• [TASK REQUIREMENTS] Using the records below, reproduce exactly the lines from the one containing "Align a 3D cuboid with the person" through the end, and nothing more; skip the images.

** Opening RECORDS SHOWN block **

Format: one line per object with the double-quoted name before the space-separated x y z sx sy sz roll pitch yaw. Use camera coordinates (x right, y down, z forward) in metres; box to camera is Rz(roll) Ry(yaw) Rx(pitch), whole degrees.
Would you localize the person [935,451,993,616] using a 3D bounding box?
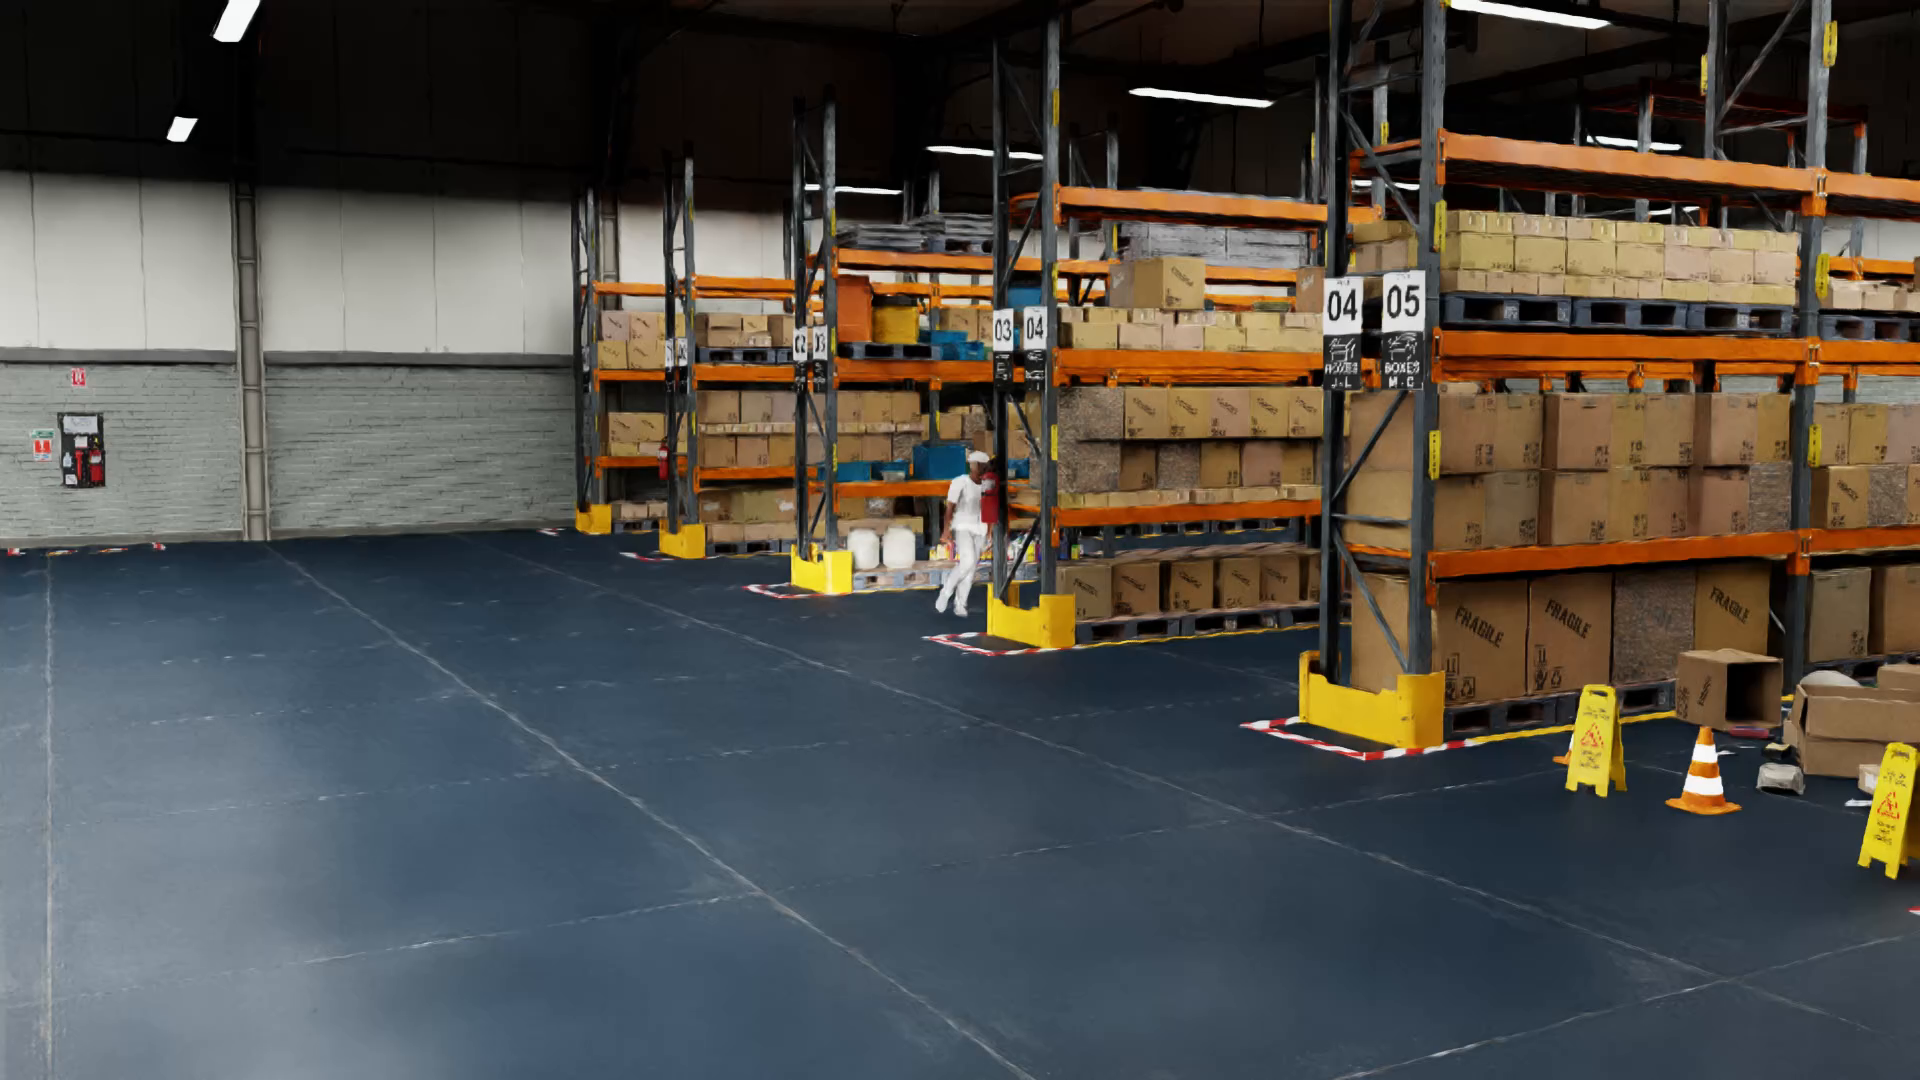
"person" 0.102 -0.073 17.828 0.749 1.759 0.446 -4 6 -35
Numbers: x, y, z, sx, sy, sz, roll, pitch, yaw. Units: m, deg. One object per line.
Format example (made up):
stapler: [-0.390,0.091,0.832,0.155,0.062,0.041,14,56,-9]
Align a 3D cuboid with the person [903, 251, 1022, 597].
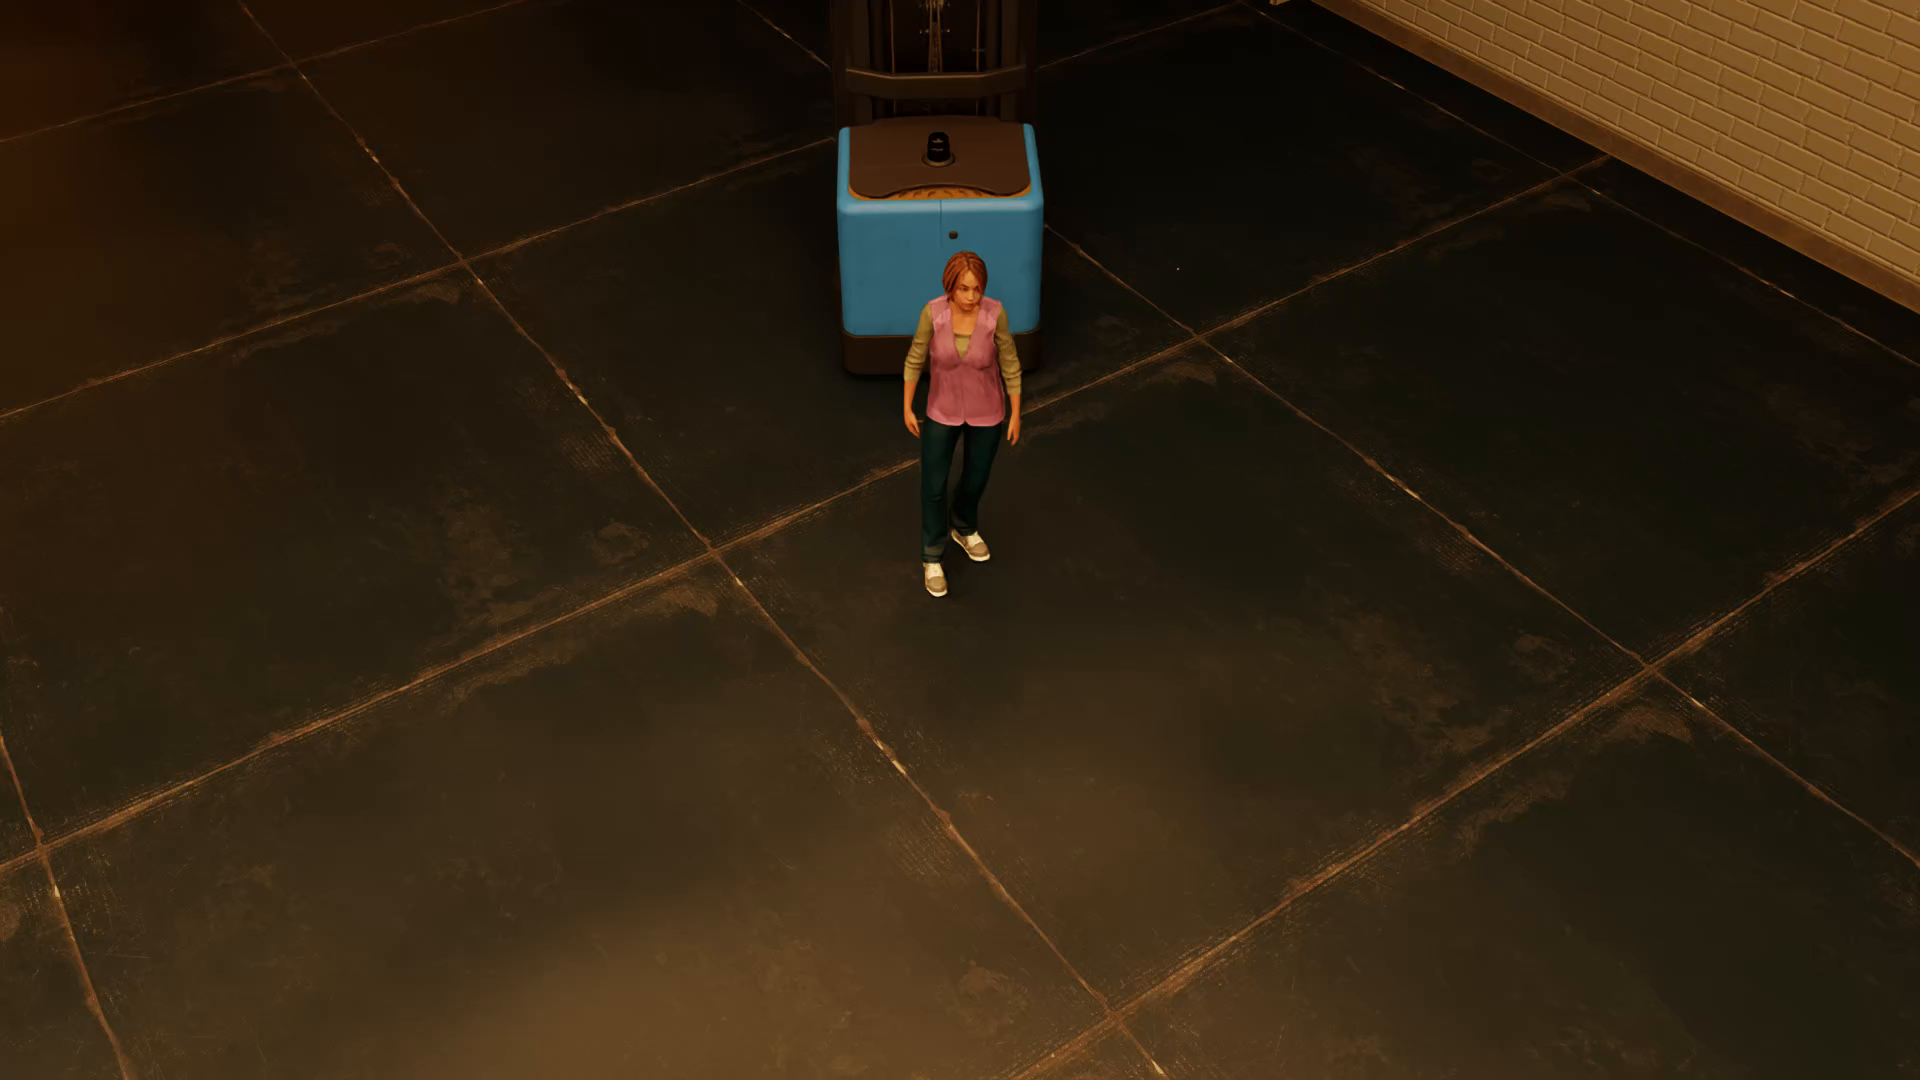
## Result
person: [0.010,-0.484,7.241,0.516,1.590,0.534,0,43,1]

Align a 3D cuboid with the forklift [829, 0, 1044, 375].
forklift: [-0.150,-2.928,8.892,1.130,2.935,3.031,-2,43,-2]

** Closing RECORDS SHOWN block **

• [YOUR SOLUTION]
Align a 3D cuboid with the person [903, 251, 1022, 597].
## Result
person: [0.010,-0.484,7.241,0.516,1.590,0.534,0,43,1]

Align a 3D cuboid with the forklift [829, 0, 1044, 375].
forklift: [-0.150,-2.928,8.892,1.130,2.935,3.031,-2,43,-2]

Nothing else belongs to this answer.